What you need to do -> All lines at and after the one containing "Return one line", up to the end of the listing below, are to be printed exactly, with the pictures omitted.

Available data ->
*** Block opens ***
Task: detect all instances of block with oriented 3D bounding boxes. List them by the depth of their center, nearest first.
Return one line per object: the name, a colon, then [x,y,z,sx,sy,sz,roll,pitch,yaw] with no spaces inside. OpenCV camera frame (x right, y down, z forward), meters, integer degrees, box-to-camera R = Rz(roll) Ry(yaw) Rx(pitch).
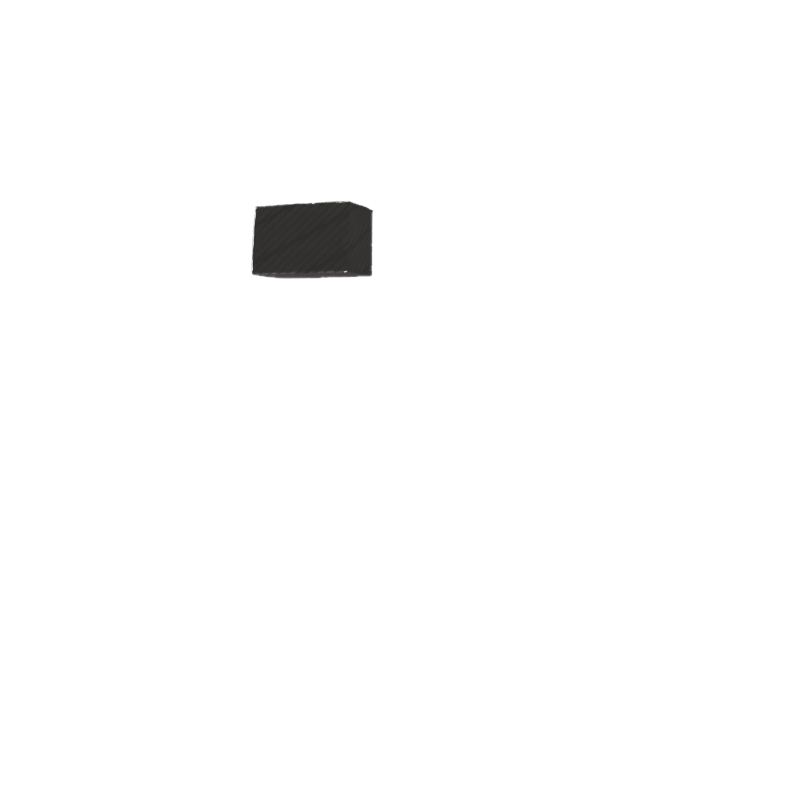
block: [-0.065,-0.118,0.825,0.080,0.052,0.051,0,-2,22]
*** Block closes ***
Worked solution ->
Return one line per object: the name, a colon, then [x,y,z,sx,sy,sz,roll,pitch,yaw] with no spaces inside. OpenCV camera frame (x right, y down, z forward), meters, integer degrees, box-to-camera R = Rz(roll) Ry(yaw) Rx(pitch).
block: [-0.065,-0.118,0.825,0.080,0.052,0.051,0,-2,22]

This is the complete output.